In this section, we evaluate the effectiveness of the proposed AdvDrop in various defense techniques by comparing it with other adversarial attacks. Here we first generate adversarial samples by adversarial attacks such as PGD, BIM, C&W, FGSM, and DeepFool. Then we test different defense methods such as adversarial learning and JPEG compression on these samples and evaluate the strength of these attacks under defense. The results are shown in the following table.

The results show that the proposed method has a higher probability of a successful attack than other attack methods when each defense method is applied.

Visualization and Analysis

We tested where and what information is reduced by AdvDrop in a given image. To test this, we visualized the model's attention span and the amount of information that AdvDrop drops in different regions of a given image. The results are shown in the figure below.
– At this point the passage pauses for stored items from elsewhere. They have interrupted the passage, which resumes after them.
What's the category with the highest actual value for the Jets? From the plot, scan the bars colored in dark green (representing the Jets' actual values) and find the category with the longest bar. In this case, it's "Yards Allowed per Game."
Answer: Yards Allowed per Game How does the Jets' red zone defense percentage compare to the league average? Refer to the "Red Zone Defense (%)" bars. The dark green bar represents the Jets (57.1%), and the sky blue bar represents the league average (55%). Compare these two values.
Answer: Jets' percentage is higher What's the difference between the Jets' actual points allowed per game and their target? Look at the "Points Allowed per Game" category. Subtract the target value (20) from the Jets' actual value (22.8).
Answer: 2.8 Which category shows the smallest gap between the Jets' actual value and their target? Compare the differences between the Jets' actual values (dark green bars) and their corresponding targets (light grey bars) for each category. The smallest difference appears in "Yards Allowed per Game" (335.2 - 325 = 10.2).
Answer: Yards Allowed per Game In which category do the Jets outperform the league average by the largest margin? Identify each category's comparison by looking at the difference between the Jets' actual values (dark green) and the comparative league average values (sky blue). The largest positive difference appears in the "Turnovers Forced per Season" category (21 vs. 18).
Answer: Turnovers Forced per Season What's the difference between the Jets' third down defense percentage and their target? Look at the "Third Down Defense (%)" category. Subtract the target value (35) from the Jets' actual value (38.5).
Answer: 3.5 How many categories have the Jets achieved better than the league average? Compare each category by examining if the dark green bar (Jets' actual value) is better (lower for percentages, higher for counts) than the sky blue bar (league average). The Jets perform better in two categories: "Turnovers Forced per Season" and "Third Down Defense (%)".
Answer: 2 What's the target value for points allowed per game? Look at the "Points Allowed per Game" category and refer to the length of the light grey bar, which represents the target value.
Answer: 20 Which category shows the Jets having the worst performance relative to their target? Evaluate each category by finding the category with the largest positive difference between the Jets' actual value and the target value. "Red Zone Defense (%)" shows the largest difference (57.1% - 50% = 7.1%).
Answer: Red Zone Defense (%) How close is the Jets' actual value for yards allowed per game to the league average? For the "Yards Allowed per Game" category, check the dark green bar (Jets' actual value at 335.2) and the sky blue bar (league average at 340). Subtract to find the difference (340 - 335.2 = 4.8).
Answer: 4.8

In the first case in this figure, the model focuses primarily on the flower part, and AdvDrop drops both the calyx and the flower part. In the second case, we can see that the model focuses on the penguin's head, but AdvDrop mainly drops the information on the body part, which has rich textural details about the penguin's fur.

summary

In this paper, the authors investigate adversarial robustness from a new perspective and propose a new approach called AdvDrop, which creates adversarial samples by dropping existing details in the image. The authors plan to use other methods to remove information from images in the future, so we look forward to future developments.